• What needs to be done: Copy out, from the data, each line containing the string "degrees".

• Collected data:
+++
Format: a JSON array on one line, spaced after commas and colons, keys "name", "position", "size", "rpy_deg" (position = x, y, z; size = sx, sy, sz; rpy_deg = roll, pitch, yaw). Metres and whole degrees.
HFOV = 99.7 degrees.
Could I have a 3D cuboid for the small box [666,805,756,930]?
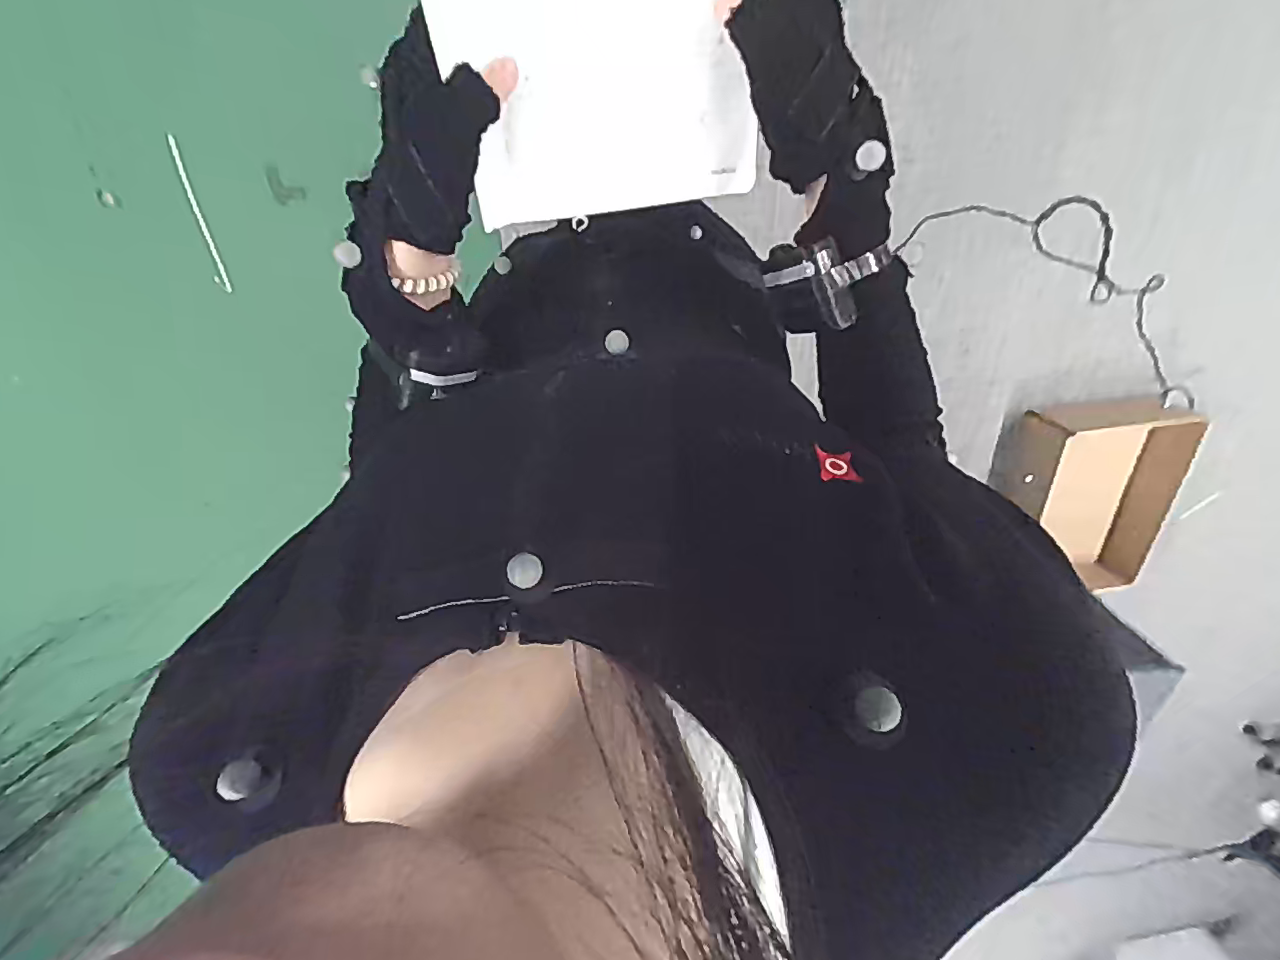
+++
• Output for this task:
Format: a JSON array on one line, spaced after commas and colons, keys "name", "position", "size", "rpy_deg" (position = x, y, z; size = sx, sy, sz; rpy_deg = roll, pitch, yaw). Metres and whole degrees.
HFOV = 99.7 degrees.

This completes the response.